Mas ao aceitarmos que o homem é um ser verdadeiramente caído, temos que lembrar que ele também foi redimido; que somos chamados a amenizar os piores efeitos da desigualdade e a proteger a dignidade humana de cada pessoa. Portanto, deve haver linhas vermelhas que a competição não pode ultrapassar, e meios para os cidadãos mais pobres defenderem os seus direitos humanos. Na maior parte do mundo desenvolvido, essas linhas e meios foram estabelecidos há décadas e a pobreza extrema foi superada. A desigualdade que existe na América da Norte e na maioria dos países europeus é moralmente sem sentido. Há problemas sociais reais e há meios injustos, que os capitalistas de compadrio empregam para brincar com o sistema. A desigualdade em si, porém, não é um problema. É perfeitamente justo que Bill Gates tenha ficado rico e eu não.
A desigualdade entre as nações é uma questão complexa, mas, no essencial, ela não resulta nem de exploração, nem de colonialismo, e sim de uma luta darwiniana entre sistemas sociais. As nações cujas culturas fundadoras acreditavam na livre concorrência, no governo descentralizado e no Estado de Direito prosperaram. Aquelas cuja cultura fundadora implicava coerção, paternalismo e nepotismo, não. A resposta para esta desigualdade não consiste em empobrecer os países ricos ou inundá-los de imigrantes carentes, mas em promover, de formas não coercitivas, os hábitos que levam à prosperidade.
Durante o transcurso da minha vida, nações como a Coreia do Sul e a Índia fizeram progressos enormes para erradicar a pobreza e permitir que centenas de milhões de pessoas adotem esses hábitos saudáveis, que deveríamos chamar de virtudes políticas. Ao mesmo tempo, centenas de milhões de outras pessoas foram desumanizadas, intimidadas e mantidas na pobreza pela prática de ideologias que negam a natureza humana e tentam reger sociedades como se elas fossem versões coercivas de mosteiros. Temos que chamar essas ideologias pelo nome que elas têm: pecados políticos.

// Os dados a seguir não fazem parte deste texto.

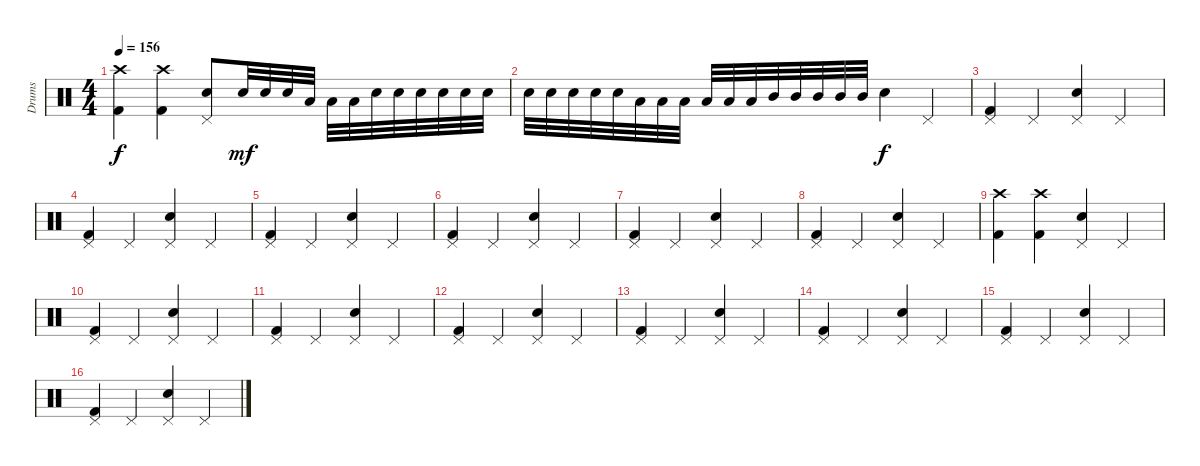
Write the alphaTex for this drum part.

\track ("Drums" "Drums") {instrument percussion}
\staff {score}
\articulation defaults
\ts (4 4)
\tempo 156
\clef neutral
\ks c
("Crash high (hit)" "Kick (hit) 2").4{dy f} ("Crash high (hit)" "Kick (hit) 2").4 ("Pedal Hi-Hat (hit)" "Electric Snare (hit)").8 "Electric Snare (hit)".32{dy mf} "Electric Snare (hit)".32 "Electric Snare (hit)".32 "Low Tom (hit)".32 "Low Tom (hit)".32 "Low Tom (hit)".32 "Electric Snare (hit)".32 "Electric Snare (hit)".32 "Electric Snare (hit)".32 "Electric Snare (hit)".32 "Electric Snare (hit)".32 "Electric Snare (hit)".32 |
"Electric Snare (hit)".32 "Electric Snare (hit)".32 "Electric Snare (hit)".32 "Electric Snare (hit)".32 "Electric Snare (hit)".32 "Low Tom (hit)".32 "Low Tom (hit)".32 "Low Tom (hit)".32 "Low Tom (hit)".32 "Low Tom (hit)".32 "Low Tom (hit)".32 "Mid Tom (hit)".32 "Mid Tom (hit)".32 "Mid Tom (hit)".32 "Mid Tom (hit)".32 "Mid Tom (hit)".32 "Electric Snare (hit)".4{dy f} "Pedal Hi-Hat (hit)".4 |
("Pedal Hi-Hat (hit)" "Kick (hit) 2").4 "Pedal Hi-Hat (hit)".4 ("Pedal Hi-Hat (hit)" "Electric Snare (hit)").4 "Pedal Hi-Hat (hit)".4 |
("Pedal Hi-Hat (hit)" "Kick (hit) 2").4 "Pedal Hi-Hat (hit)".4 ("Pedal Hi-Hat (hit)" "Electric Snare (hit)").4 "Pedal Hi-Hat (hit)".4 |
("Pedal Hi-Hat (hit)" "Kick (hit) 2").4 "Pedal Hi-Hat (hit)".4 ("Pedal Hi-Hat (hit)" "Electric Snare (hit)").4 "Pedal Hi-Hat (hit)".4 |
("Pedal Hi-Hat (hit)" "Kick (hit) 2").4 "Pedal Hi-Hat (hit)".4 ("Pedal Hi-Hat (hit)" "Electric Snare (hit)").4 "Pedal Hi-Hat (hit)".4 |
("Pedal Hi-Hat (hit)" "Kick (hit) 2").4 "Pedal Hi-Hat (hit)".4 ("Pedal Hi-Hat (hit)" "Electric Snare (hit)").4 "Pedal Hi-Hat (hit)".4 |
("Pedal Hi-Hat (hit)" "Kick (hit) 2").4 "Pedal Hi-Hat (hit)".4 ("Pedal Hi-Hat (hit)" "Electric Snare (hit)").4 "Pedal Hi-Hat (hit)".4 |
("Crash high (hit)" "Kick (hit) 2").4 ("Crash high (hit)" "Kick (hit) 2").4 ("Pedal Hi-Hat (hit)" "Electric Snare (hit)").4 "Pedal Hi-Hat (hit)".4 |
("Pedal Hi-Hat (hit)" "Kick (hit) 2").4 "Pedal Hi-Hat (hit)".4 ("Pedal Hi-Hat (hit)" "Electric Snare (hit)").4 "Pedal Hi-Hat (hit)".4 |
("Pedal Hi-Hat (hit)" "Kick (hit) 2").4 "Pedal Hi-Hat (hit)".4 ("Pedal Hi-Hat (hit)" "Electric Snare (hit)").4 "Pedal Hi-Hat (hit)".4 |
("Pedal Hi-Hat (hit)" "Kick (hit) 2").4 "Pedal Hi-Hat (hit)".4 ("Pedal Hi-Hat (hit)" "Electric Snare (hit)").4 "Pedal Hi-Hat (hit)".4 |
("Pedal Hi-Hat (hit)" "Kick (hit) 2").4 "Pedal Hi-Hat (hit)".4 ("Pedal Hi-Hat (hit)" "Electric Snare (hit)").4 "Pedal Hi-Hat (hit)".4 |
("Pedal Hi-Hat (hit)" "Kick (hit) 2").4 "Pedal Hi-Hat (hit)".4 ("Pedal Hi-Hat (hit)" "Electric Snare (hit)").4 "Pedal Hi-Hat (hit)".4 |
("Pedal Hi-Hat (hit)" "Kick (hit) 2").4 "Pedal Hi-Hat (hit)".4 ("Pedal Hi-Hat (hit)" "Electric Snare (hit)").4 "Pedal Hi-Hat (hit)".4 |
("Pedal Hi-Hat (hit)" "Kick (hit) 2").4 "Pedal Hi-Hat (hit)".4 ("Pedal Hi-Hat (hit)" "Electric Snare (hit)").4 "Pedal Hi-Hat (hit)".4

Portanto, devemos olhar para as questões políticas e econômicas de uma perspectiva cristã “realista”, informada por um conhecimento da história e do que ela nos conta sobre a natureza humana. As pessoas foram feitas por Deus para zelarem primeiro por si mesmas e pelas suas famílias, e, depois, pela comunidade mais ampla. Essa inclinação foi acentuada pelo pecado. O impulso humano de melhorar, crescer, adquirir, é a fonte de energia que alimenta todo trabalho, esforço e crescimento. É um combustível que emite seus poluentes: a comunidade deve regulá-los. Mas, sem esse combustível, nada se mexe. Proíba os desejos “egoístas” de um homem e você verá que, sem eles, a única forma de fazê-lo se mexer é a ameaça de bala.